The pre-roll/-in-stream video format is an essential monetization vehicle for premium cross-channel broadcast television, cable programming, large internet pure-play publishers and aggregators such as YouTube, Yahoo, NDN, Hulu, MSN/Microsoft, Crackle, large UGC outlets (i.e. DailyMotion) and smaller independent publishers and affiliated network sites.

3rd Party ad networks and clearing solutions (including public programmatic systems) are expected to manage 13.4% of total in-stream spend.
Additional market intelligence contained in this industry trade resource reveals in-stream video inventory is averaging an eCPM of $19.58, including YouTube.
Desktop sales generated $3 billion in spend, while non-desktop/devices/VOD sales totaled up $1 billion, capturing 25.8% of the market in 2014.
Excluding YouTube and Facebook, mobile/non-desktop video spend jumped 323.9% in 2014 to $719.8 million
A 30-minute show (i.e. 22 minutes as defined by a linear television clock) is monetized with 6 – 10 minutes of in-stream/online advertising time, broken up into 3 – 4 pods, each pod with 1 – 7 ad units/avails of varying spot length.
Turner Entertainment properties including TBS.com and TNT.tv, Discovery channels, NBC Universal, CBS and ABC are monetizing with in-stream ad loads at linear broadcast television levels.

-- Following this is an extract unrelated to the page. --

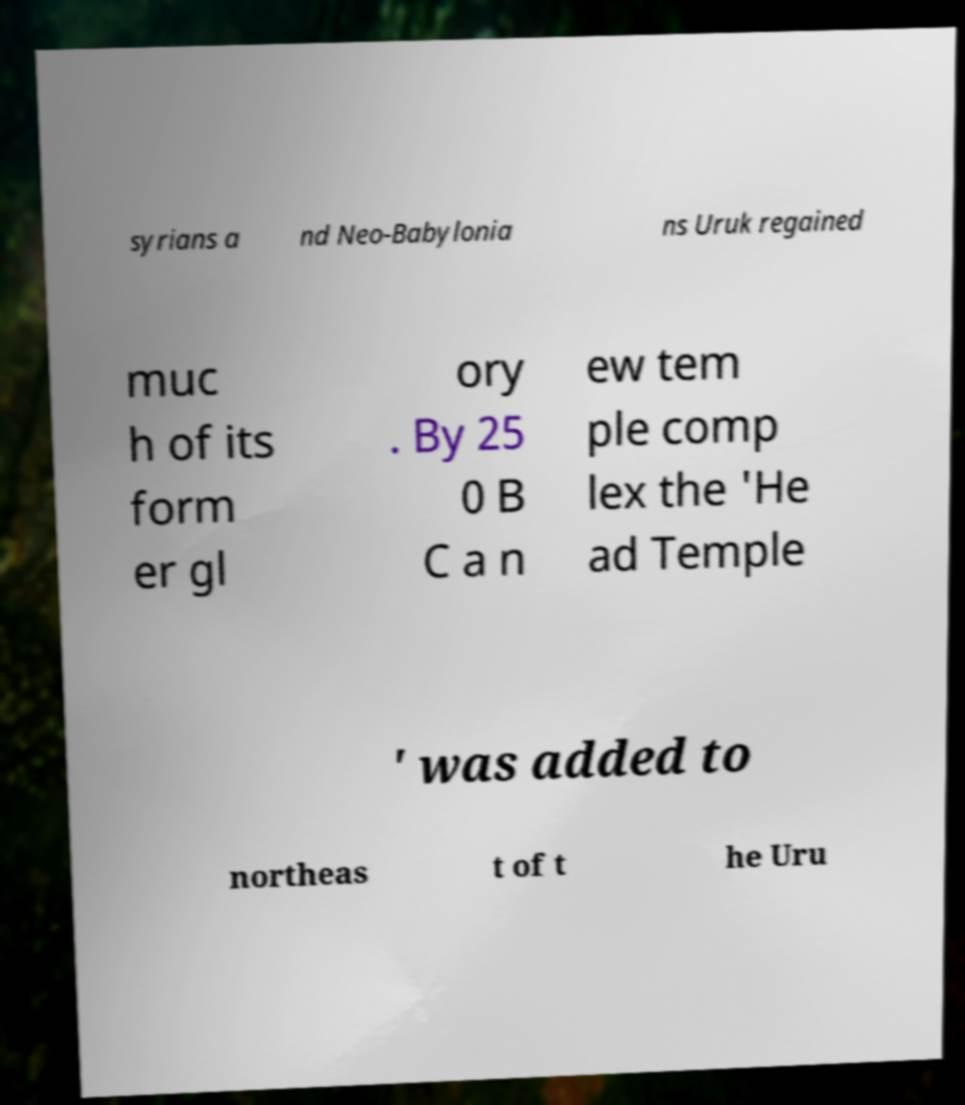Please identify and transcribe the text found in this image. syrians a nd Neo-Babylonia ns Uruk regained muc h of its form er gl ory . By 25 0 B C a n ew tem ple comp lex the 'He ad Temple ' was added to northeas t of t he Uru 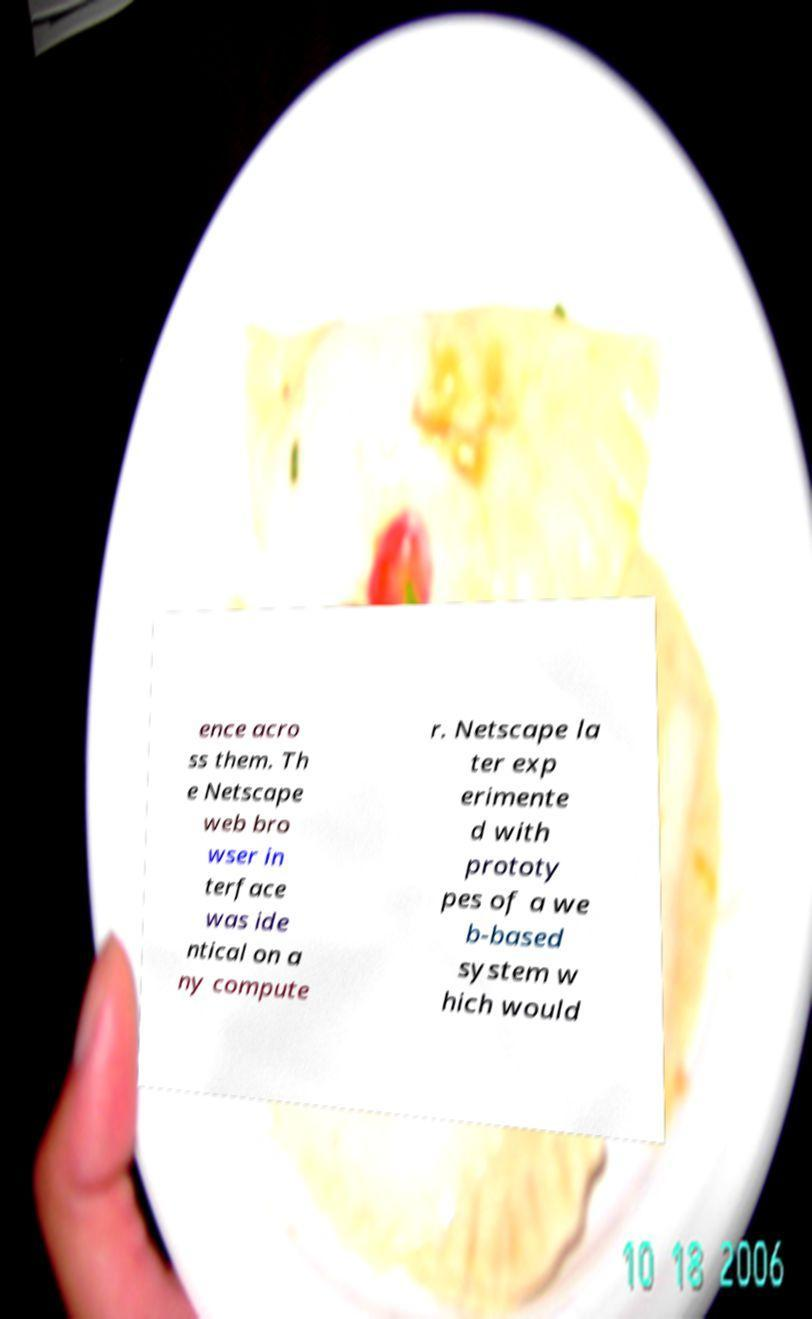I need the written content from this picture converted into text. Can you do that? ence acro ss them. Th e Netscape web bro wser in terface was ide ntical on a ny compute r. Netscape la ter exp erimente d with prototy pes of a we b-based system w hich would

Long-form episodes typically see 3 – 7 ad pods, with 1 – 7 ads per pod.
YouTube leads all publishers with in-stream video ad billings. CBS.com, ComedyCentral.com, NBC.com, ABC.com ESPN.com are top performing in the premium broadcast/cross channel video publishing category.
For broadcasters, we estimate about 31.6% of total segment video ad spend was placed on screens other than the desktop in 2014.